Analysis & Implications

This episode highlights several intersecting issues: the precariousness of freelance creative careers, the limits of informal financial management, and the reputational risks of well-intentioned third-party fundraising. Rourke’s lack of a bank account and reliance on a manager to front moving and hotel costs illustrates how quickly a high-profile life can become operationally fragile when health, housing and administrative systems fail.

Public crowdfunding can bring rapid resources but also opens privacy and consent questions. The campaign’s swift ascent—approaching $100,000—shows the power of fan networks, yet the actor’s public rejection of the effort underscores tensions between recipient dignity and donor impulse. For managers and advocates, this case may prompt clearer consent protocols and contingency plans before launching public appeals.

Industry-side ramifications include renewed attention to casting and hiring practices for veteran performers. Hines says four movie offers arrived in the wake of the story, which could provide income that offsets immediate needs; however, systemic solutions—better access to financial planning, union support or emergency funds—would reduce reliance on ad hoc crowdfunding.

Comparison & Data

Item Reported Amount
Previous rent $5,200/month
Raised via GoFundMe (approx.) ~$100,000
New rent cited $7,000/month
Storage sheds 4 sheds costing >$3,000/month

The table highlights mismatches between recurring housing costs and episodic income. A spike in donations can provide immediate relief but may not resolve ongoing monthly obligations such as rent increases and storage fees that compound quickly.

Reactions & Quotes

“The GoFundMe was done for Mickey. That money’s going to Mickey.
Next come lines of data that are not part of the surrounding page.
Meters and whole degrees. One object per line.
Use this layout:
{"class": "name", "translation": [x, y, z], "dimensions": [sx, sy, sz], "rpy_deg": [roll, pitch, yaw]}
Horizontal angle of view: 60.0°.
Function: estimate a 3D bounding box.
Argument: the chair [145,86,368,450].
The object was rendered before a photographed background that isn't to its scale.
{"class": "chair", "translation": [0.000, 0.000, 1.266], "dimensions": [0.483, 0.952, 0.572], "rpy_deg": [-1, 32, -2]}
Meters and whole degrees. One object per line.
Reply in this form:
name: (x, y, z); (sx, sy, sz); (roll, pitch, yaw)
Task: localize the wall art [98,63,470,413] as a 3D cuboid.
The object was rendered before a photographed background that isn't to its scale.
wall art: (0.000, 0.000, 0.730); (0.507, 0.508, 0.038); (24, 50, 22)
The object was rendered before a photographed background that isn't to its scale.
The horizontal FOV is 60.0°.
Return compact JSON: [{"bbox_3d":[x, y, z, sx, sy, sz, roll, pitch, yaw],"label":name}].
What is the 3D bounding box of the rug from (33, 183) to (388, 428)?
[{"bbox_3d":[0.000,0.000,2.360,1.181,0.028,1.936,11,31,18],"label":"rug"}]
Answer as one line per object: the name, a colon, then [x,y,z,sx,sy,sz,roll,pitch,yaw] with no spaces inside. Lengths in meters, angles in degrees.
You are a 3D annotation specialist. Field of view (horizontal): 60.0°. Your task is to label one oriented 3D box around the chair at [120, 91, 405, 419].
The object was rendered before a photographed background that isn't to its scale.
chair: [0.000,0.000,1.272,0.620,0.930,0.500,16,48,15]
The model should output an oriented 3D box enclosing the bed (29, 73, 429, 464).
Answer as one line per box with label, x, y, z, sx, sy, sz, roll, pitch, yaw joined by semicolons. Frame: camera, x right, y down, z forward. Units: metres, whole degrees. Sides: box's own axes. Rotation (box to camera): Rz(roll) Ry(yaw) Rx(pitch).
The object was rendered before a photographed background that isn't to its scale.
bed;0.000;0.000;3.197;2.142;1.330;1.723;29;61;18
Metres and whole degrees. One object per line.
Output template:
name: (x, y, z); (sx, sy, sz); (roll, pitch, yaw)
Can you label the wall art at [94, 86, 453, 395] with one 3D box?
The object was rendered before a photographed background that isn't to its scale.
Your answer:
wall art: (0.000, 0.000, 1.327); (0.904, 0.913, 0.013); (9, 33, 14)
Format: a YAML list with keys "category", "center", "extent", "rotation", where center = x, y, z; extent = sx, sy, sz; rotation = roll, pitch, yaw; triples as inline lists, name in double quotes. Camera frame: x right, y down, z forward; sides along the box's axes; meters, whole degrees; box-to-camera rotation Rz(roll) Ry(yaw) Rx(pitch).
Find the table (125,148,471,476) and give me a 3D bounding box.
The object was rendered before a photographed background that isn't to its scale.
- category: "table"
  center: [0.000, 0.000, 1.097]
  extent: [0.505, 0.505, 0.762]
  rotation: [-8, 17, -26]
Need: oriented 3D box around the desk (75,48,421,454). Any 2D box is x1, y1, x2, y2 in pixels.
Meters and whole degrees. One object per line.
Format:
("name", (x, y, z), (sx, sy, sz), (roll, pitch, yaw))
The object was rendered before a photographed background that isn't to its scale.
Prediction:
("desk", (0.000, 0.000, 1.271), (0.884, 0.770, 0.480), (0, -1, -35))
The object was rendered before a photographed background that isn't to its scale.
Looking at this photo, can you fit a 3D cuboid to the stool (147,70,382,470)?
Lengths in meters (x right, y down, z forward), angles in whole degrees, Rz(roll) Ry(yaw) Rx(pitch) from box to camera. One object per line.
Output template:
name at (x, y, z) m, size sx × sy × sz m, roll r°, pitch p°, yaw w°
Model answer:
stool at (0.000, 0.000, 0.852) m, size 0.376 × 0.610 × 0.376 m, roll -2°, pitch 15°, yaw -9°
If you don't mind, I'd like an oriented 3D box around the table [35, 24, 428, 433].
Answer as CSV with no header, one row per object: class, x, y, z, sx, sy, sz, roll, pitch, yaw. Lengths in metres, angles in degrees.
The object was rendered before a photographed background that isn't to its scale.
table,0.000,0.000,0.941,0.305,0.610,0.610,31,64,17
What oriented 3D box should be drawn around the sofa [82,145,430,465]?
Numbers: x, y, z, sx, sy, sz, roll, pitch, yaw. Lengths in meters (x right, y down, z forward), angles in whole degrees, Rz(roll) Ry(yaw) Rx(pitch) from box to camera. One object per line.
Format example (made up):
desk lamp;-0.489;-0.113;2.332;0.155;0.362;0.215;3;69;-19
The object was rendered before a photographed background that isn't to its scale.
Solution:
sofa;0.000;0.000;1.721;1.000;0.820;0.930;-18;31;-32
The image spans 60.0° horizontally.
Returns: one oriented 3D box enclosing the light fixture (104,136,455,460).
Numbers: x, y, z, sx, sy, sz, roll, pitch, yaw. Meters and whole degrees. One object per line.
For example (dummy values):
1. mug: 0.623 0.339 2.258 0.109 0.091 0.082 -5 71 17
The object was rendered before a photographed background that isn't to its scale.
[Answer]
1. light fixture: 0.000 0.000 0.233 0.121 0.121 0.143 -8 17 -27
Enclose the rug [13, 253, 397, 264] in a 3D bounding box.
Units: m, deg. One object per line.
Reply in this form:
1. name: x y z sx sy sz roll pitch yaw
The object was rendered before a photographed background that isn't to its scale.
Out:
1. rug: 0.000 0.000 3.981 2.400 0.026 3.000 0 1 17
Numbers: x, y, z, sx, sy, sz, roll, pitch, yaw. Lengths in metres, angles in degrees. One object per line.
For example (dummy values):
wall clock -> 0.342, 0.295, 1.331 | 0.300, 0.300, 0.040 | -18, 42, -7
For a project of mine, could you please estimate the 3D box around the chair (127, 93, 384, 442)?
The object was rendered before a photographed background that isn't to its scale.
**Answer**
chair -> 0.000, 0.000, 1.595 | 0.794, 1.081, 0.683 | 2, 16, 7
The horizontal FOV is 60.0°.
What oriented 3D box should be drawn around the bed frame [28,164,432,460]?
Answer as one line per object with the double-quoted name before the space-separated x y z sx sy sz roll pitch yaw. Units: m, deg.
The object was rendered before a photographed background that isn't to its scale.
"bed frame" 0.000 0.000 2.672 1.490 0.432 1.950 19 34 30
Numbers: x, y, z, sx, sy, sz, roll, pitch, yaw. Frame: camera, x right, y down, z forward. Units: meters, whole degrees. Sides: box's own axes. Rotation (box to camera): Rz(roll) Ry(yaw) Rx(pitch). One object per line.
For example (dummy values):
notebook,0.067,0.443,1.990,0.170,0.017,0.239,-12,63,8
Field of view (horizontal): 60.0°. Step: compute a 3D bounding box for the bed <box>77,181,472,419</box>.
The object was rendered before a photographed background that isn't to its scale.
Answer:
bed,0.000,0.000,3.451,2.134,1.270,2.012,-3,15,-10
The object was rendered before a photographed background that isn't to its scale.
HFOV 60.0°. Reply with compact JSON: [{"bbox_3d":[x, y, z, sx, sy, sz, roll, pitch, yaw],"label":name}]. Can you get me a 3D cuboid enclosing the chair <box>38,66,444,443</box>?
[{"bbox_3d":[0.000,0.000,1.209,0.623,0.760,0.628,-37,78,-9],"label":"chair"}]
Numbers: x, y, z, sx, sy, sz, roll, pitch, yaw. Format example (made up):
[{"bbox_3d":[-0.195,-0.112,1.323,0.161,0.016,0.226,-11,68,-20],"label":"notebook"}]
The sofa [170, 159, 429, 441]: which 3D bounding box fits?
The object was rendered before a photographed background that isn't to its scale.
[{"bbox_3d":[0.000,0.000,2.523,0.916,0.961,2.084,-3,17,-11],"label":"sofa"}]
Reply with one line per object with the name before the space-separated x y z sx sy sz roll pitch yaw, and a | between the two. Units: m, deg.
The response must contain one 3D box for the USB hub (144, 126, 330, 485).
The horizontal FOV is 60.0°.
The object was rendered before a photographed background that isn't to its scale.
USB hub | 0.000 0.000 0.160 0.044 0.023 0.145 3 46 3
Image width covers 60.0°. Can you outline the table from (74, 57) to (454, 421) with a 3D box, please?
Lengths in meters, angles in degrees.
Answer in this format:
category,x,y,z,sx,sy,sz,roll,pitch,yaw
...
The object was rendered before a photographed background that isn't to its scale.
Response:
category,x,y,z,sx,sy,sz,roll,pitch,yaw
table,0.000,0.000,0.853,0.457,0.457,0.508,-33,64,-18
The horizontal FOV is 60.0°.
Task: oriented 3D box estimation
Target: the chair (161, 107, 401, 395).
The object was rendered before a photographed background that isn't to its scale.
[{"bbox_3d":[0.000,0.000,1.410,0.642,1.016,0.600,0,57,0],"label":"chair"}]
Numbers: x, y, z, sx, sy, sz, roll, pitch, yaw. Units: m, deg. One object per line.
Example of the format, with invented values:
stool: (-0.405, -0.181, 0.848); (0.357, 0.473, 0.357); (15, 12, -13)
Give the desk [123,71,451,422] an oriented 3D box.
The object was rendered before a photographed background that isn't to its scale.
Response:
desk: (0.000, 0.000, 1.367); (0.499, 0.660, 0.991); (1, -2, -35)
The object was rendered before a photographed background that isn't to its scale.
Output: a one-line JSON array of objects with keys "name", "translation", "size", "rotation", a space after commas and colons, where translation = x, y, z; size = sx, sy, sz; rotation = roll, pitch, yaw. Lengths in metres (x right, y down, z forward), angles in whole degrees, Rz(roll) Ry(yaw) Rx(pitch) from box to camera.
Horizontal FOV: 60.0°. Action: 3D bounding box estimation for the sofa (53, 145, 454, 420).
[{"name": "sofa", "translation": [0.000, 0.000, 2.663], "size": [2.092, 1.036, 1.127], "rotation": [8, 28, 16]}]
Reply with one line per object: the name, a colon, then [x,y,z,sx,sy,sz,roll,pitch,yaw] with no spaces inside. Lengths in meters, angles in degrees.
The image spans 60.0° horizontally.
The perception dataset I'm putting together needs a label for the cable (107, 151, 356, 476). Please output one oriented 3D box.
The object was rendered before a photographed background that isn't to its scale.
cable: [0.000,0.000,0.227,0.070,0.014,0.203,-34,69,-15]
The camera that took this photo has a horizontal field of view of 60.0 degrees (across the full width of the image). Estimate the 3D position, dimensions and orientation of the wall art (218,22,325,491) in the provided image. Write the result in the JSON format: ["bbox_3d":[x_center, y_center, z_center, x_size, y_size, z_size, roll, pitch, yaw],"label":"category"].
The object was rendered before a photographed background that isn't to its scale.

It’s not going to me.”

Kimberly Hines, manager

This comment was offered to explain intent and to reassure donors the funds were for Rourke’s benefit.

“I’m not taking charity,”

Mickey Rourke, via Instagram video (paraphrased)

Rourke’s public refusal framed the fundraiser as humiliating and prompted Hines to say she would return donations if he insists.

Unconfirmed

  • Exact final GoFundMe total and whether donors have been refunded remain unverified pending confirmation from the fundraiser platform.
  • The landlord’s full rationale for the rent hike and any formal eviction notices filed in court have not been independently reviewed for this report.

Bottom Line

The episode surrounding Mickey Rourke’s eviction and the manager-launched GoFundMe underscores how public empathy and media attention can produce both tangible relief and uncomfortable scrutiny. While Hines presents the fundraiser as an emergency, Rourke’s public discomfort reflects a broader tension between aid and autonomy for public figures.

Longer-term, the case points to the need for better contingency planning for aging performers—clearer financial management, accessible emergency resources through unions or industry groups, and transparent consent practices for any third-party fundraising. For now, Hines says she will remain Rourke’s manager and continue to coordinate housing and work opportunities while honoring his choice if he requests refunds to donors.